* Listed records
- Opening Delimiter -

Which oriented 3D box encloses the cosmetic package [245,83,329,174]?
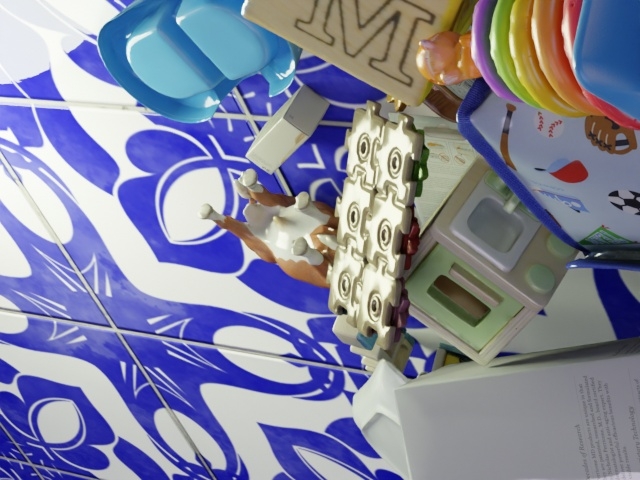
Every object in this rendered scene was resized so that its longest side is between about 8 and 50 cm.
[{"bbox_3d":[-0.039,-0.130,1.999,0.041,0.060,0.115,36,149,-9],"label":"cosmetic package"}]

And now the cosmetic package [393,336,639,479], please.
[{"bbox_3d":[0.292,0.199,1.929,0.365,0.197,0.155,-12,90,28],"label":"cosmetic package"}]

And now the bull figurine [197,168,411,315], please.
[{"bbox_3d":[0.000,0.000,2.053,0.310,0.101,0.188,14,166,44],"label":"bull figurine"}]

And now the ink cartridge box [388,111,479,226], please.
[{"bbox_3d":[0.165,-0.079,1.925,0.145,0.045,0.179,9,133,33],"label":"ink cartridge box"}]

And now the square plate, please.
[{"bbox_3d":[0.175,0.317,2.253,0.347,0.049,0.344,44,166,6],"label":"square plate"}]

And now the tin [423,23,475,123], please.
[{"bbox_3d":[0.112,-0.201,1.734,0.189,0.106,0.040,38,140,-12],"label":"tin"}]

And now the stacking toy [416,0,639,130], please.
[{"bbox_3d":[0.189,-0.165,1.405,0.175,0.166,0.302,23,165,-35],"label":"stacking toy"}]

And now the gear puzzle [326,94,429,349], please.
[{"bbox_3d":[0.077,-0.062,1.845,0.044,0.339,0.175,2,-166,-25],"label":"gear puzzle"}]

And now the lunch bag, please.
[{"bbox_3d":[0.364,-0.082,1.575,0.328,0.239,0.385,3,153,38],"label":"lunch bag"}]

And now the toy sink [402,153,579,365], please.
[{"bbox_3d":[0.190,0.011,1.855,0.153,0.131,0.234,36,144,0],"label":"toy sink"}]

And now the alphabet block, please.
[{"bbox_3d":[0.065,-0.280,1.586,0.197,0.192,0.193,29,150,6],"label":"alphabet block"}]

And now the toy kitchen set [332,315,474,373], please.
[{"bbox_3d":[0.136,0.115,2.170,0.166,0.122,0.207,17,165,22],"label":"toy kitchen set"}]

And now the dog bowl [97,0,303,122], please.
[{"bbox_3d":[-0.128,-0.232,1.921,0.166,0.074,0.297,47,146,-23],"label":"dog bowl"}]
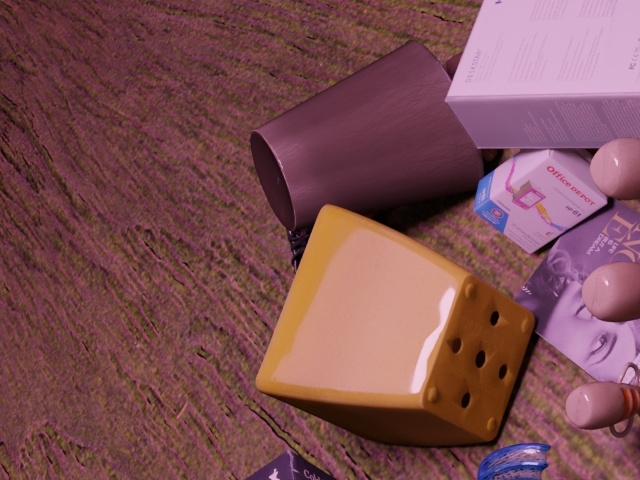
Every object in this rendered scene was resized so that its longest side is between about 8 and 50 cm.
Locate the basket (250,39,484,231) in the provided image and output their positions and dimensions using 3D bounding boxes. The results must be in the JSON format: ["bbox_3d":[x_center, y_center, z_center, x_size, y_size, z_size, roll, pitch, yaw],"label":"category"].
[{"bbox_3d":[0.044,-0.110,1.687,0.227,0.154,0.204,-21,68,-14],"label":"basket"}]

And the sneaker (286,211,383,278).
[{"bbox_3d":[0.000,0.000,1.780,0.097,0.135,0.276,-14,53,43],"label":"sneaker"}]

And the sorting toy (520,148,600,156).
[{"bbox_3d":[0.257,-0.233,1.658,0.127,0.126,0.365,-25,45,38],"label":"sorting toy"}]

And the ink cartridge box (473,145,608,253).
[{"bbox_3d":[0.238,-0.053,1.538,0.122,0.088,0.052,-39,23,41],"label":"ink cartridge box"}]

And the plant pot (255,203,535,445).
[{"bbox_3d":[0.096,0.107,1.506,0.187,0.212,0.212,12,77,43],"label":"plant pot"}]

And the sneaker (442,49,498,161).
[{"bbox_3d":[0.193,-0.176,1.743,0.071,0.066,0.188,-39,37,22],"label":"sneaker"}]

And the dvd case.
[{"bbox_3d":[0.298,0.052,1.462,0.164,0.018,0.221,-54,33,4],"label":"dvd case"}]

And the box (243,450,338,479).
[{"bbox_3d":[-0.077,0.443,1.418,0.343,0.179,0.312,-36,41,20],"label":"box"}]

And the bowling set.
[{"bbox_3d":[0.341,0.055,1.254,0.200,0.154,0.287,18,105,51],"label":"bowling set"}]

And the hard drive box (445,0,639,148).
[{"bbox_3d":[0.269,-0.190,1.466,0.232,0.089,0.181,4,59,36],"label":"hard drive box"}]

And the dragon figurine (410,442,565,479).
[{"bbox_3d":[0.195,0.243,1.316,0.289,0.144,0.085,-29,42,35],"label":"dragon figurine"}]
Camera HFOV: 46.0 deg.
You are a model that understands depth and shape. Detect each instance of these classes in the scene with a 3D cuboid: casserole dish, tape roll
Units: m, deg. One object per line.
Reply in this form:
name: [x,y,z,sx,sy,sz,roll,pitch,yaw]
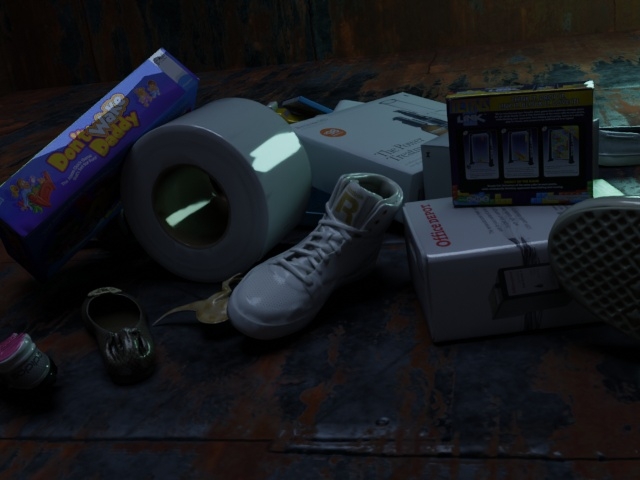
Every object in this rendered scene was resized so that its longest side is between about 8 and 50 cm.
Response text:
casserole dish: [0.020,-0.052,1.300,0.188,0.037,0.114,8,26,33]
tape roll: [-0.155,-0.079,1.144,0.246,0.246,0.169,1,22,23]

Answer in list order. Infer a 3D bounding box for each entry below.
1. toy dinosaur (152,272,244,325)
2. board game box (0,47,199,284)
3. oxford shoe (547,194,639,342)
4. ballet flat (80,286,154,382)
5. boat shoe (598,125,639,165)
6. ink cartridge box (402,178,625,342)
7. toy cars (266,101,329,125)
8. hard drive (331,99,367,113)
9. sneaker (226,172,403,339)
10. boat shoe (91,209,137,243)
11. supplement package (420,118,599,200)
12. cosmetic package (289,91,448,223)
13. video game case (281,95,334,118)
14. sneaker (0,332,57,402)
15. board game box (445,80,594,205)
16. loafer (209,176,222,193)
toy dinosaur: [-0.132,0.084,0.983,0.183,0.053,0.092,5,26,30]
board game box: [-0.339,-0.109,1.163,0.347,0.078,0.233,-49,-2,-24]
oxford shoe: [0.453,0.042,0.735,0.449,0.169,0.130,11,30,24]
ballet flat: [-0.263,0.104,0.971,0.084,0.058,0.250,-14,22,-17]
boat shoe: [0.611,-0.188,1.372,0.227,0.081,0.079,-6,21,6]
ink cartridge box: [0.250,0.017,0.932,0.272,0.115,0.198,-7,20,1]
toy cars: [-0.053,-0.287,1.856,0.176,0.087,0.393,-24,26,-35]
hard drive: [0.113,-0.225,1.617,0.210,0.040,0.319,10,28,8]
sneaker: [0.000,0.000,0.960,0.108,0.169,0.292,35,37,18]
boat shoe: [-0.353,-0.051,1.325,0.302,0.113,0.103,-9,16,-6]
supplement package: [0.294,-0.098,1.162,0.194,0.149,0.203,12,29,41]
cosmetic package: [0.152,-0.165,1.362,0.284,0.097,0.377,22,31,35]
video game case: [-0.024,-0.333,1.932,0.119,0.015,0.166,21,-1,-18]
sneaker: [-0.352,0.153,0.884,0.063,0.075,0.170,-44,15,-30]
board game box: [0.243,-0.116,0.920,0.170,0.141,0.048,0,21,19]
loafer: [-0.262,-0.109,1.509,0.220,0.080,0.078,-15,31,-3]
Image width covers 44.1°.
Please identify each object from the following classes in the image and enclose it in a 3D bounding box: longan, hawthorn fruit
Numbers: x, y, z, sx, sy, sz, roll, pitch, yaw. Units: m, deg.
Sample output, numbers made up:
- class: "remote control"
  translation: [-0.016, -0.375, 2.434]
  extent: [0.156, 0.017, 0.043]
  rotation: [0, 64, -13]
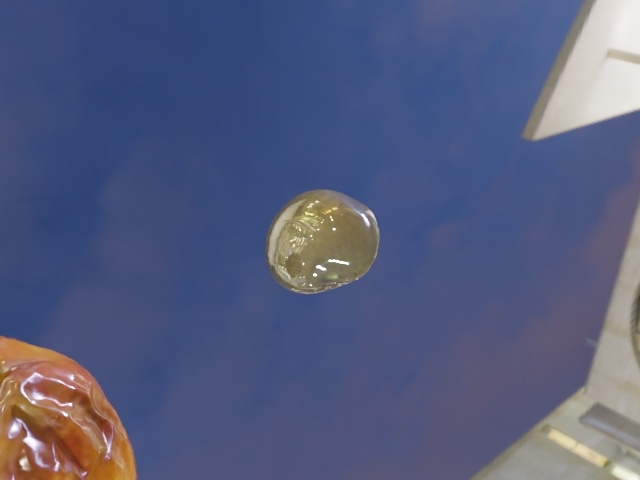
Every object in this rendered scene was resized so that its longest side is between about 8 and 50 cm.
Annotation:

- Closing Delimiter -

* Task requirements
Give again, word for word, only the lines from the line containing "extent: [0.156, 0.017, 0.043]" through the last line above, both included; leave the pictures out.

* Response to this exercise
  extent: [0.156, 0.017, 0.043]
  rotation: [0, 64, -13]
Every object in this rendered scene was resized so that its longest side is between about 8 and 50 cm.
Annotation:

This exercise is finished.